▸ Exercise data:
*****
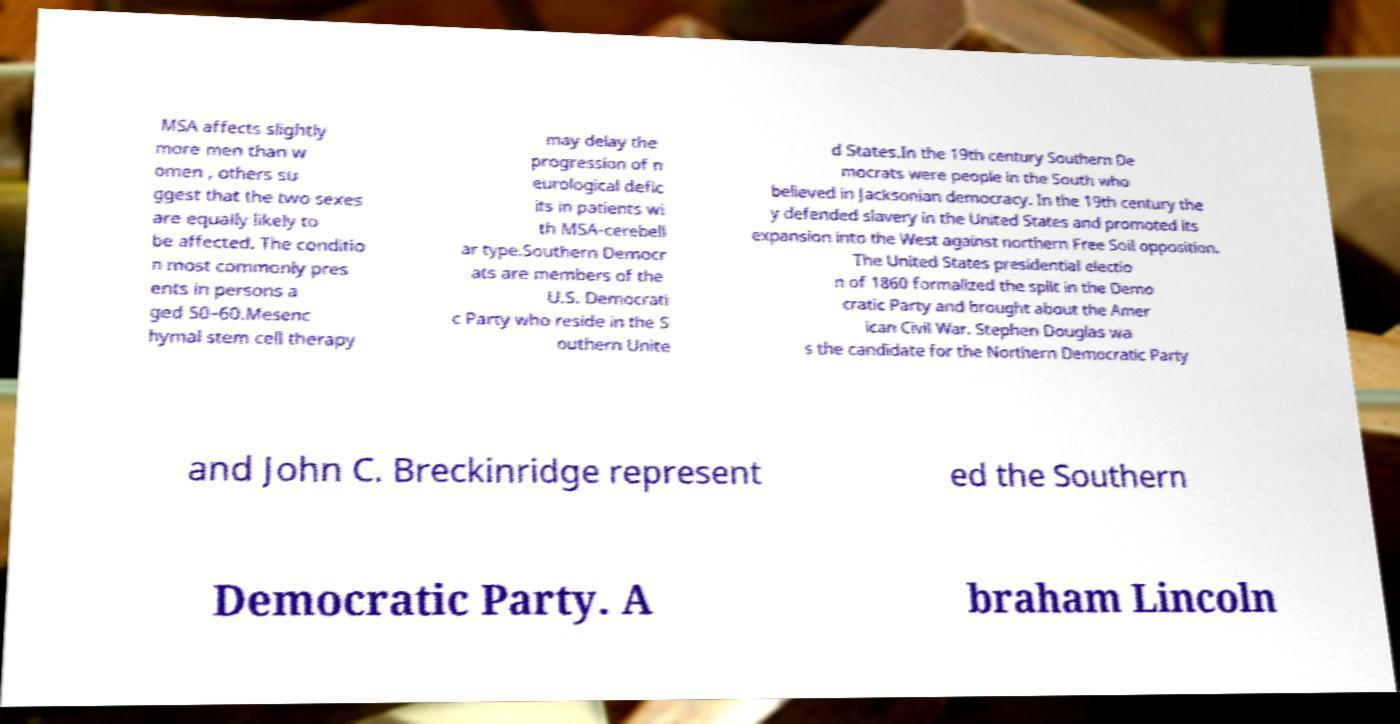Could you extract and type out the text from this image? MSA affects slightly more men than w omen , others su ggest that the two sexes are equally likely to be affected. The conditio n most commonly pres ents in persons a ged 50–60.Mesenc hymal stem cell therapy may delay the progression of n eurological defic its in patients wi th MSA-cerebell ar type.Southern Democr ats are members of the U.S. Democrati c Party who reside in the S outhern Unite d States.In the 19th century Southern De mocrats were people in the South who believed in Jacksonian democracy. In the 19th century the y defended slavery in the United States and promoted its expansion into the West against northern Free Soil opposition. The United States presidential electio n of 1860 formalized the split in the Demo cratic Party and brought about the Amer ican Civil War. Stephen Douglas wa s the candidate for the Northern Democratic Party and John C. Breckinridge represent ed the Southern Democratic Party. A braham Lincoln 
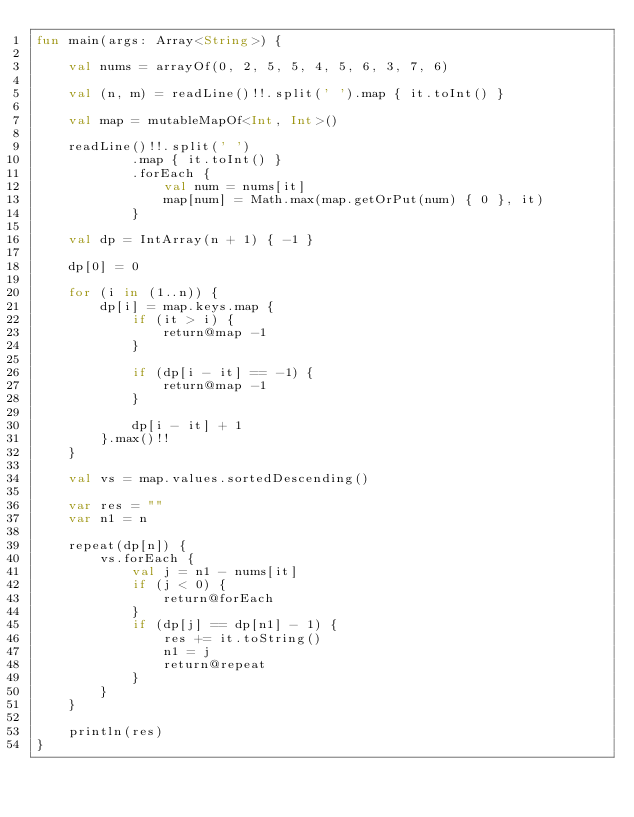Convert code to text. <code><loc_0><loc_0><loc_500><loc_500><_Kotlin_>fun main(args: Array<String>) {

    val nums = arrayOf(0, 2, 5, 5, 4, 5, 6, 3, 7, 6)

    val (n, m) = readLine()!!.split(' ').map { it.toInt() }

    val map = mutableMapOf<Int, Int>()

    readLine()!!.split(' ')
            .map { it.toInt() }
            .forEach {
                val num = nums[it]
                map[num] = Math.max(map.getOrPut(num) { 0 }, it)
            }

    val dp = IntArray(n + 1) { -1 }

    dp[0] = 0

    for (i in (1..n)) {
        dp[i] = map.keys.map {
            if (it > i) {
                return@map -1
            }

            if (dp[i - it] == -1) {
                return@map -1
            }

            dp[i - it] + 1
        }.max()!!
    }

    val vs = map.values.sortedDescending()

    var res = ""
    var n1 = n

    repeat(dp[n]) {
        vs.forEach {
            val j = n1 - nums[it]
            if (j < 0) {
                return@forEach
            }
            if (dp[j] == dp[n1] - 1) {
                res += it.toString()
                n1 = j
                return@repeat
            }
        }
    }

    println(res)
}
</code> 
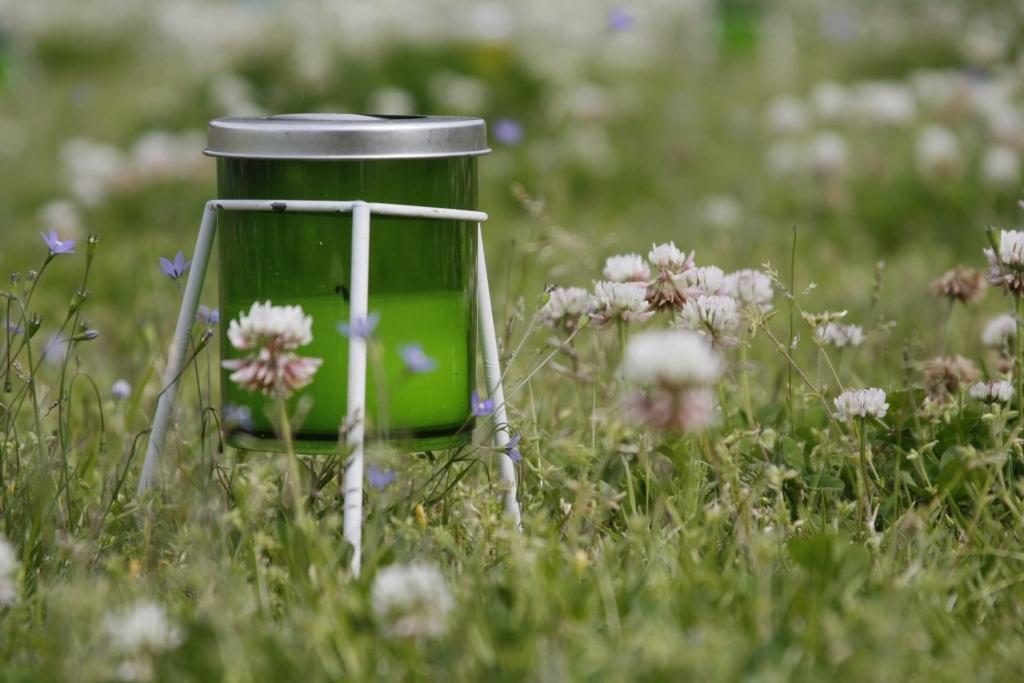Please provide a concise description of this image. In this image there is a jar attached to the stand, there are a few flowers and plants. 
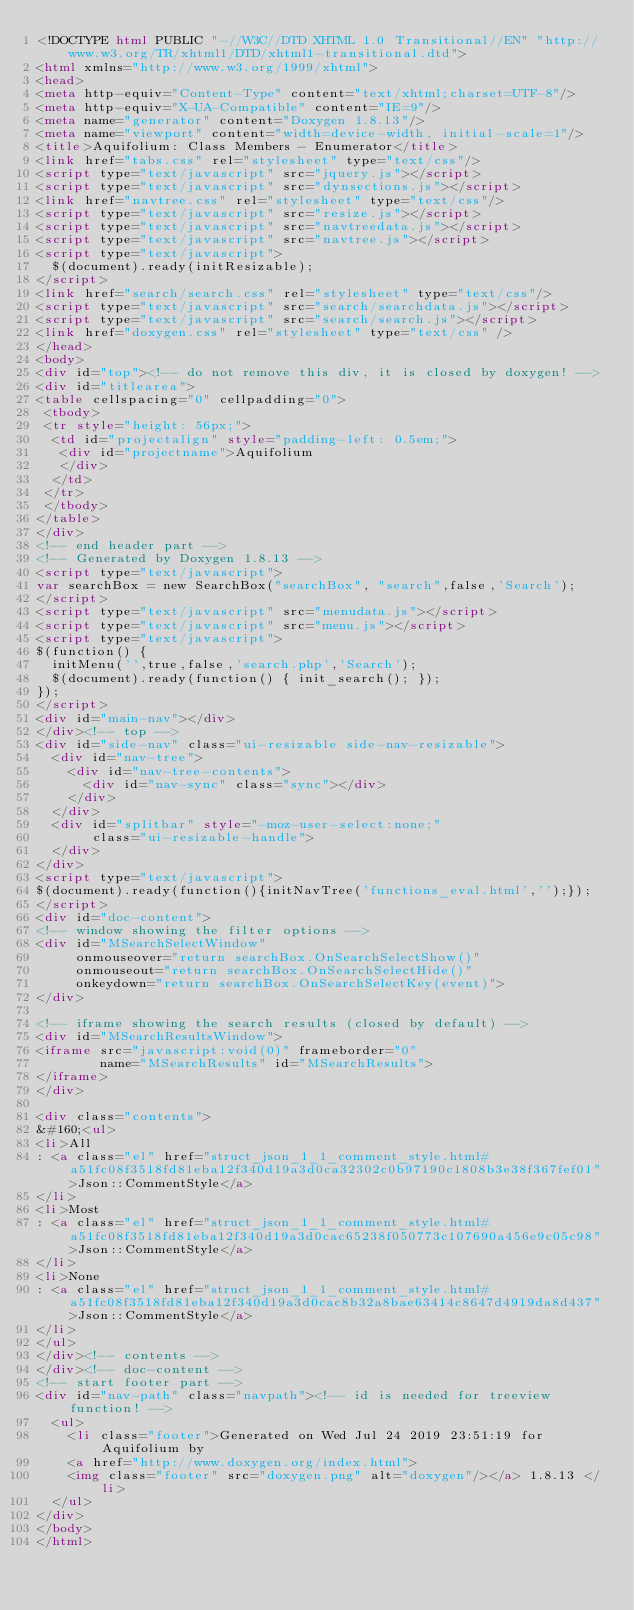Convert code to text. <code><loc_0><loc_0><loc_500><loc_500><_HTML_><!DOCTYPE html PUBLIC "-//W3C//DTD XHTML 1.0 Transitional//EN" "http://www.w3.org/TR/xhtml1/DTD/xhtml1-transitional.dtd">
<html xmlns="http://www.w3.org/1999/xhtml">
<head>
<meta http-equiv="Content-Type" content="text/xhtml;charset=UTF-8"/>
<meta http-equiv="X-UA-Compatible" content="IE=9"/>
<meta name="generator" content="Doxygen 1.8.13"/>
<meta name="viewport" content="width=device-width, initial-scale=1"/>
<title>Aquifolium: Class Members - Enumerator</title>
<link href="tabs.css" rel="stylesheet" type="text/css"/>
<script type="text/javascript" src="jquery.js"></script>
<script type="text/javascript" src="dynsections.js"></script>
<link href="navtree.css" rel="stylesheet" type="text/css"/>
<script type="text/javascript" src="resize.js"></script>
<script type="text/javascript" src="navtreedata.js"></script>
<script type="text/javascript" src="navtree.js"></script>
<script type="text/javascript">
  $(document).ready(initResizable);
</script>
<link href="search/search.css" rel="stylesheet" type="text/css"/>
<script type="text/javascript" src="search/searchdata.js"></script>
<script type="text/javascript" src="search/search.js"></script>
<link href="doxygen.css" rel="stylesheet" type="text/css" />
</head>
<body>
<div id="top"><!-- do not remove this div, it is closed by doxygen! -->
<div id="titlearea">
<table cellspacing="0" cellpadding="0">
 <tbody>
 <tr style="height: 56px;">
  <td id="projectalign" style="padding-left: 0.5em;">
   <div id="projectname">Aquifolium
   </div>
  </td>
 </tr>
 </tbody>
</table>
</div>
<!-- end header part -->
<!-- Generated by Doxygen 1.8.13 -->
<script type="text/javascript">
var searchBox = new SearchBox("searchBox", "search",false,'Search');
</script>
<script type="text/javascript" src="menudata.js"></script>
<script type="text/javascript" src="menu.js"></script>
<script type="text/javascript">
$(function() {
  initMenu('',true,false,'search.php','Search');
  $(document).ready(function() { init_search(); });
});
</script>
<div id="main-nav"></div>
</div><!-- top -->
<div id="side-nav" class="ui-resizable side-nav-resizable">
  <div id="nav-tree">
    <div id="nav-tree-contents">
      <div id="nav-sync" class="sync"></div>
    </div>
  </div>
  <div id="splitbar" style="-moz-user-select:none;" 
       class="ui-resizable-handle">
  </div>
</div>
<script type="text/javascript">
$(document).ready(function(){initNavTree('functions_eval.html','');});
</script>
<div id="doc-content">
<!-- window showing the filter options -->
<div id="MSearchSelectWindow"
     onmouseover="return searchBox.OnSearchSelectShow()"
     onmouseout="return searchBox.OnSearchSelectHide()"
     onkeydown="return searchBox.OnSearchSelectKey(event)">
</div>

<!-- iframe showing the search results (closed by default) -->
<div id="MSearchResultsWindow">
<iframe src="javascript:void(0)" frameborder="0" 
        name="MSearchResults" id="MSearchResults">
</iframe>
</div>

<div class="contents">
&#160;<ul>
<li>All
: <a class="el" href="struct_json_1_1_comment_style.html#a51fc08f3518fd81eba12f340d19a3d0ca32302c0b97190c1808b3e38f367fef01">Json::CommentStyle</a>
</li>
<li>Most
: <a class="el" href="struct_json_1_1_comment_style.html#a51fc08f3518fd81eba12f340d19a3d0cac65238f050773c107690a456e9c05c98">Json::CommentStyle</a>
</li>
<li>None
: <a class="el" href="struct_json_1_1_comment_style.html#a51fc08f3518fd81eba12f340d19a3d0cac8b32a8bae63414c8647d4919da8d437">Json::CommentStyle</a>
</li>
</ul>
</div><!-- contents -->
</div><!-- doc-content -->
<!-- start footer part -->
<div id="nav-path" class="navpath"><!-- id is needed for treeview function! -->
  <ul>
    <li class="footer">Generated on Wed Jul 24 2019 23:51:19 for Aquifolium by
    <a href="http://www.doxygen.org/index.html">
    <img class="footer" src="doxygen.png" alt="doxygen"/></a> 1.8.13 </li>
  </ul>
</div>
</body>
</html>
</code>
*****
Isolate each line of the listing above that includes "return". Copy it.

                return@map -1
                return@map -1
                return@forEach
                return@repeat
     onmouseover="return searchBox.OnSearchSelectShow()"
     onmouseout="return searchBox.OnSearchSelectHide()"
     onkeydown="return searchBox.OnSearchSelectKey(event)">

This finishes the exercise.